Der Kläger arbeitet als Containermechaniker bei der Beklagten. Für seine Tätigkeit zieht der Kläger im Betrieb die von der Beklagten gestellte Arbeitskleidung an. Nach der Arbeit begibt er sich zurück zum Umkleideraum und wäscht oder duscht sich. Die verunreinigte Arbeitskleidung lässt er auf Anweisung der Beklagten im Betrieb zur Reinigung. Jeweils nach dem Umziehen gibt der Kläger am Zeiterfassungsterminal die von der Beklagten bestimmten Zeiten des Schichtbeginns bzw. -endes ein.

Mit seiner Klage macht der Kläger Vergütung für Umkleide-, Körperreinigungs- und innerbetriebliche Wegezeiten geltend, welche nicht von der Schichtzeit umfasst sind. Die Beklagte ist der Ansicht, die vom Kläger geltend gemachten Zeiten seien keine vergütungspflichtige Arbeitszeit.

Die Vorinstanzen haben der Klage jeweils teilweise stattgegeben. Mit der Revision begehrt die Beklagte die vollständige Klageabweisung.

Die Entscheidung des Gerichts

Das BAG gibt der Revision der Beklagten im Hinblick auf die Umkleide- und Duschzeiten aufgrund nicht ausreichender Tatsachenfeststellungen der Vorinstanz statt und verweist die Sache zurück; im Hinblick auf die Wegezeiten weist es die Revision zurück.
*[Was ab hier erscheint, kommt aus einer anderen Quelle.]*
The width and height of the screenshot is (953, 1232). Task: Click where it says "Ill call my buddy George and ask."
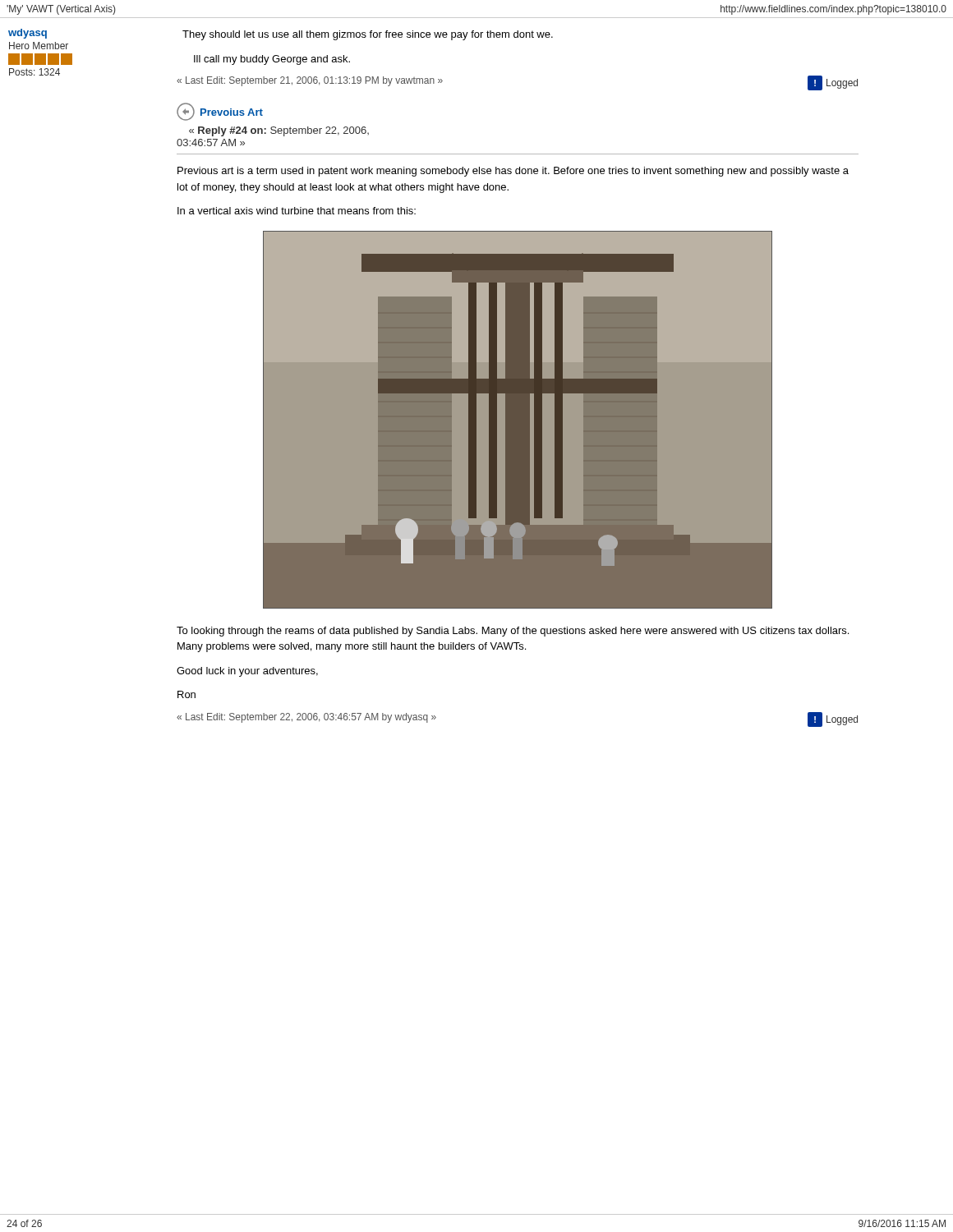pyautogui.click(x=272, y=58)
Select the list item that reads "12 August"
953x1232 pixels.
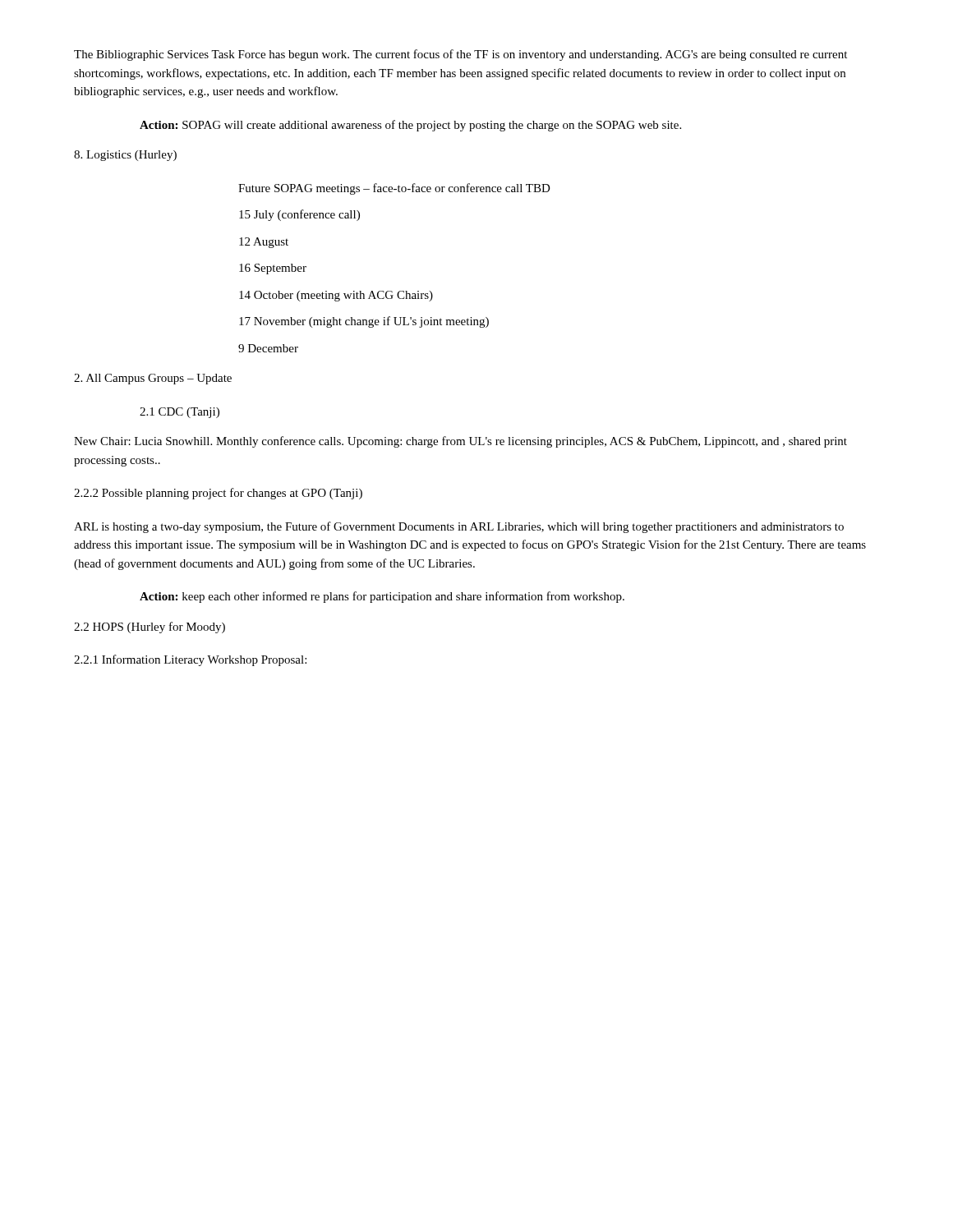click(x=263, y=241)

Das BAG führt darüber hinaus aus: Zur Arbeitsleistung i.S.v. § 611a Abs. 1 BGB zählt nicht nur die eigentliche Tätigkeit, sondern jede vom Arbeitgeber im Synallagma verlangte sonstige Tätigkeit oder Maßnahme, die mit der eigentlichen Tätigkeit oder der Art und Weise ihrer Erbringung unmittelbar zusammenhängt.

Das An- und Ablegen der Dienstkleidung im Betrieb und der damit verbundene Zeitaufwand (innerbetriebliche Umkleidezeiten) beruhen hier auf einer entsprechenden Anweisung des Arbeitgebers zum Tragen der Dienstkleidung. Dieses Umkleiden ist dann ausschließlich fremdnützig und die dafür erforderlichen Zeiten sind zu vergüten.
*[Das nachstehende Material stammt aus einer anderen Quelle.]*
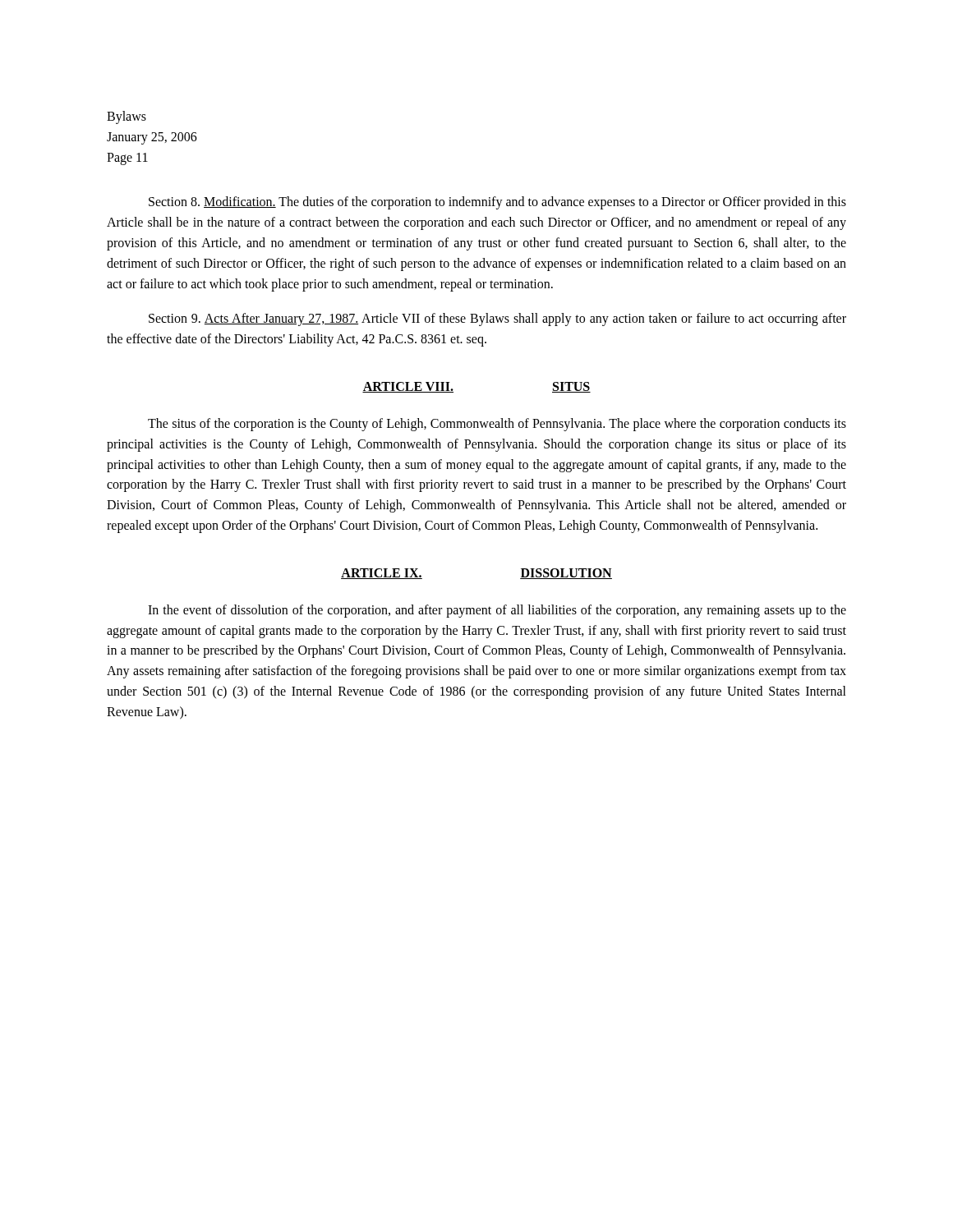Image resolution: width=953 pixels, height=1232 pixels.
Task: Point to "ARTICLE IX. DISSOLUTION"
Action: click(382, 575)

Auch die innerbetriebliche Wegezeit vom Umkleideraum zum Arbeitsplatz und zurück ist Teil der geschuldeten vergütungspflichtigen Arbeitszeit. Der Kläger hat nicht die Möglichkeit, die Arbeitskleidung am Arbeitsplatz an- und abzulegen, sondern er muss dafür den räumlich getrennten Umkleideraum aufsuchen.

Gemäß § 611a Abs. 2 BGB können auch Körperreinigungszeiten vergütungspflichtige Arbeitszeit sein, wenn sich der Arbeitnehmer bei seiner geschuldeten Arbeitsleistung so sehr verschmutzt, dass ihm ein Anlegen der Privatkleidung, das Verlassen des Betriebs und der Weg nach Hause ohne eine vorherige Reinigung des Körpers im Betrieb nicht zugemutet werden kann. Allerdings dient das Waschen, das erforderlich ist, um die übliche Schweiß- und Körpergeruchsbildung des Tages zu beseitigen, der Befriedigung privater Bedürfnisse. Dies ist nicht ausschließlich fremdnützig und damit nicht vergütungspflichtig.

Aufgrund der Vielzahl der Tätigkeiten und Arbeitsbedingungen ist jeweils anhand des konkreten Einzelfalls zu prüfen, welche Art der Körperreinigung erforderlich ist und mit der eigentlichen Tätigkeit und der Art und Weise ihrer Erbringung unmittelbar zusammenhängt. Maßstab ist dabei nicht das subjektive Empfinden des einzelnen Arbeitnehmers, sondern die objektivierte Sicht eines verständigen Arbeitnehmers.